We showed that when U-937 and KYM-1 cells, which express endogenous p80 receptor, are stimulated with TNF (p80), they do not show activation of NF-κB. However, when the p80 receptor was overexpressed, the TNF (p80) mutein activated NF-κB. This is consistent with the report that overexpression and clustering of TRAF2 can by itself activate NF-κB (13). The p80-mediated activation of NF-κB seen in HeLa-p80 cells was perhaps due to such a clustering of the TRAF2 molecules. Besides TNF (p80), anti-p80 receptor Ab, which was antagonistic to induction of apoptosis (see Fig. 7), activated NF-κB in HeLa-p80 cells (Fig. 5 C, bottom panel). How an antagonistic Ab can become an agonist is not clear. This may be because differential receptor clustering is needed for different signals.

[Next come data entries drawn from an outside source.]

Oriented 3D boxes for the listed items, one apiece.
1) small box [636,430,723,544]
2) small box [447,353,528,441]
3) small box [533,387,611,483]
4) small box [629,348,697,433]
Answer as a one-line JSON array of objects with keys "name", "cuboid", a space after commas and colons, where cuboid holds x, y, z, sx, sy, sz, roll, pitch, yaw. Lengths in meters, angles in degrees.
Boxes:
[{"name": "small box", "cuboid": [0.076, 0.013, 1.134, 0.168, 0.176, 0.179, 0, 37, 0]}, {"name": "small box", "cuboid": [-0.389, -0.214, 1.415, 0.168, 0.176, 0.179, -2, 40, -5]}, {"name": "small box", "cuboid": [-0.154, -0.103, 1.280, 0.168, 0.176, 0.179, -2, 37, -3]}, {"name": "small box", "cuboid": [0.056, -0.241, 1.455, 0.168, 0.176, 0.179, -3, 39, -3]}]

Our results show that p80 receptor can transduce similar signals as the p60 receptor but require a higher level of expression. It is possible that the normal level of p80 receptors present in the cells does signal, but the level is too low to be detectable. Alternatively, a normal level of p80 receptor expression is responsible for long term effects, but is too low to trigger short term effects. Overall, our results indicate that both p60 and p80 receptors can mediate identical signals, but the p60 receptor is more efficient than the p80 receptor. Our results also provide evidence for cross-talk between the two receptors.
We thank Dr. Bing Su for providing plasmid pGST-Jun1–79.

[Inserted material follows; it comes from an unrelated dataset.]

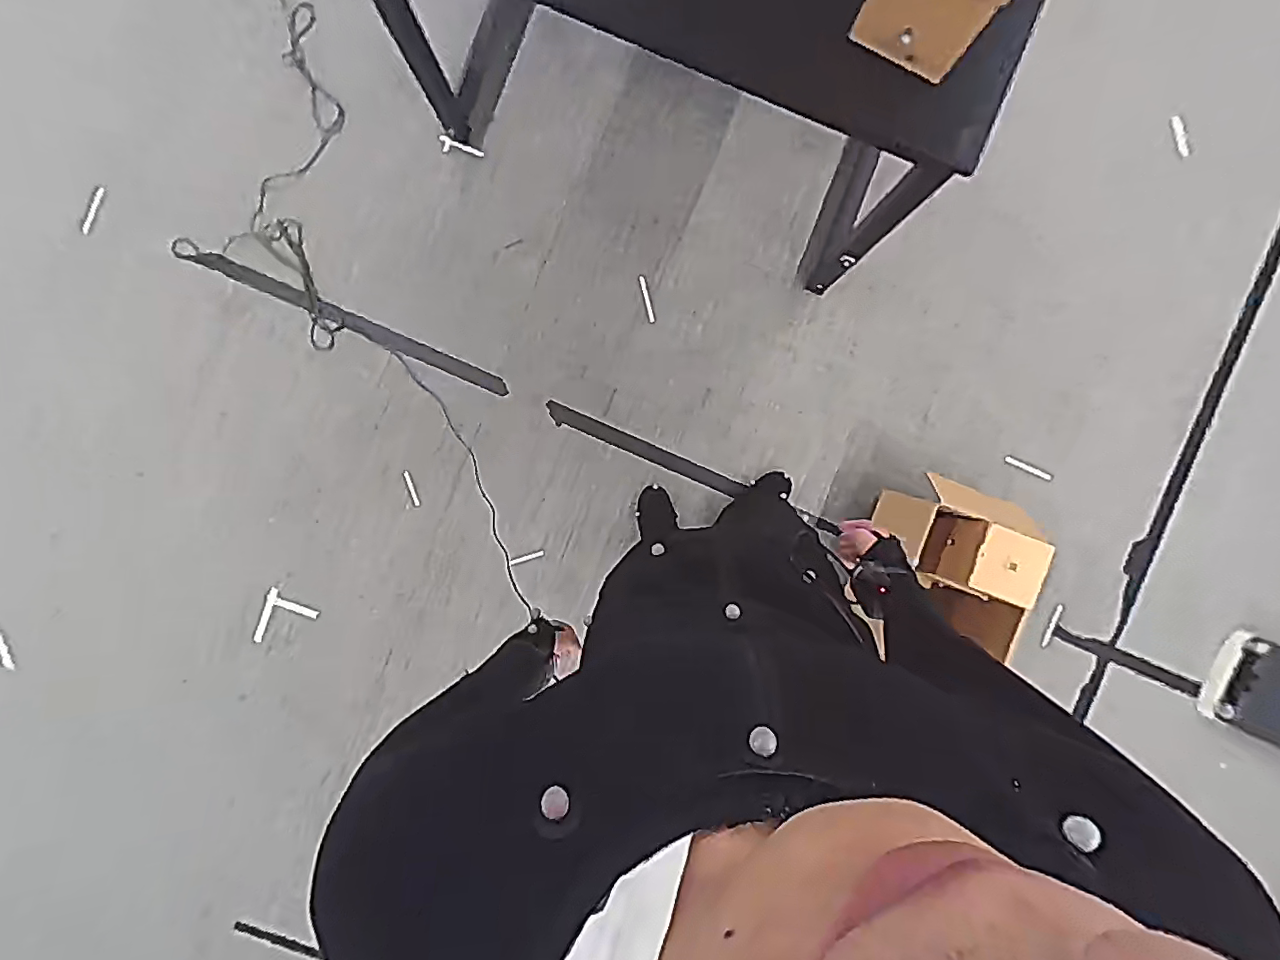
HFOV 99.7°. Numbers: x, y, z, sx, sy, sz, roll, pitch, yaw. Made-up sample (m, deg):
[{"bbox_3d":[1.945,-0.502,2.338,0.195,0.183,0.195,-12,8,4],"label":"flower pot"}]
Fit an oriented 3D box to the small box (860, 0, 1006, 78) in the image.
[{"bbox_3d":[0.455,-0.754,0.790,0.168,0.176,0.179,27,91,-1],"label":"small box"}]

This work was supported by a grant from The Clayton Foundation for Research.
Abbreviations used in this paper: ICD, intracellular domain; DD, death domain; FADD, Fas-associated death domain; FLICE, Fas-associated death domain-like IL-1-converting enzyme; RIP, receptor-interacting protein; TRAF, tumor necrosis factor receptor-associated factor; IAP, inhibitor of apoptosis; NF-κB, nuclear factor-κB; JNK, c-Jun kinase; PARP, poly(A)DP ribose polymerase; GST, glutathione-S-transferase; EMSA, electrophoretic mobility shift assay. TRADD, TNF-receptor associated death domain; ICH-1, ICE and ced-3 homolog-1; MADD; Map kinase-activated death domain protein; TRIP, TRAF-interacting protein; I-FLICE, Inhibitor of FLICE; I-TRAF-Inhibitor of TRAF.